** Work request **
Every record below should be repeated exactly, with the pictures left out.

··· Provided records ···

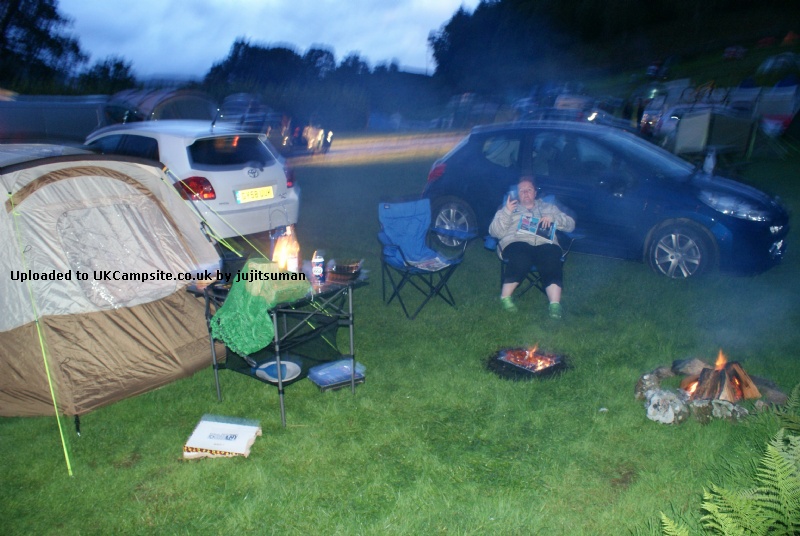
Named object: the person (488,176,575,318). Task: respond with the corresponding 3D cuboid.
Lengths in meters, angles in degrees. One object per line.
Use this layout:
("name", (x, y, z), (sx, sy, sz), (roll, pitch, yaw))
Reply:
("person", (1.692, -0.316, 6.896), (1.063, 1.486, 1.044), (5, 23, 17))

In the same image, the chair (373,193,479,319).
("chair", (0.269, -0.177, 6.991), (1.171, 1.539, 0.974), (-9, 15, -24))

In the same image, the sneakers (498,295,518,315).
("sneakers", (1.425, 0.471, 6.809), (0.229, 0.250, 0.183), (-2, 22, 0))

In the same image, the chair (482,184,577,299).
("chair", (1.813, -0.407, 7.174), (1.174, 1.930, 1.408), (-2, -10, 16))

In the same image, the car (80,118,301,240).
("car", (-2.965, -1.691, 7.920), (1.664, 1.243, 2.734), (-10, 34, -37))

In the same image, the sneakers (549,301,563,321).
("sneakers", (1.988, 0.526, 6.710), (0.155, 0.251, 0.252), (5, 23, 16))
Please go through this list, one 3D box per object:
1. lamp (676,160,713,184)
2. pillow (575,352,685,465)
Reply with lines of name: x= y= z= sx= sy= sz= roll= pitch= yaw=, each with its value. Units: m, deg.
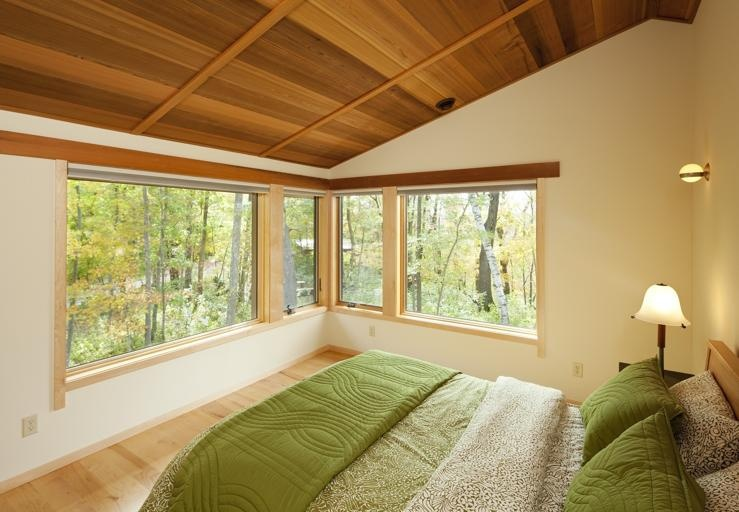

···

** Expected output **
Named object: the person (488,176,575,318). Task: respond with the corresponding 3D cuboid.
Lengths in meters, angles in degrees. One object per line.
Use this layout:
("name", (x, y, z), (sx, sy, sz), (roll, pitch, yaw))
Reply:
("person", (1.692, -0.316, 6.896), (1.063, 1.486, 1.044), (5, 23, 17))

In the same image, the chair (373,193,479,319).
("chair", (0.269, -0.177, 6.991), (1.171, 1.539, 0.974), (-9, 15, -24))

In the same image, the sneakers (498,295,518,315).
("sneakers", (1.425, 0.471, 6.809), (0.229, 0.250, 0.183), (-2, 22, 0))

In the same image, the chair (482,184,577,299).
("chair", (1.813, -0.407, 7.174), (1.174, 1.930, 1.408), (-2, -10, 16))

In the same image, the car (80,118,301,240).
("car", (-2.965, -1.691, 7.920), (1.664, 1.243, 2.734), (-10, 34, -37))

In the same image, the sneakers (549,301,563,321).
("sneakers", (1.988, 0.526, 6.710), (0.155, 0.251, 0.252), (5, 23, 16))
Please go through this list, one 3D box per object:
1. lamp (676,160,713,184)
2. pillow (575,352,685,465)
Reply with lines of name: x= y= z= sx= sy= sz= roll= pitch= yaw=, each with its value. Units: m, deg.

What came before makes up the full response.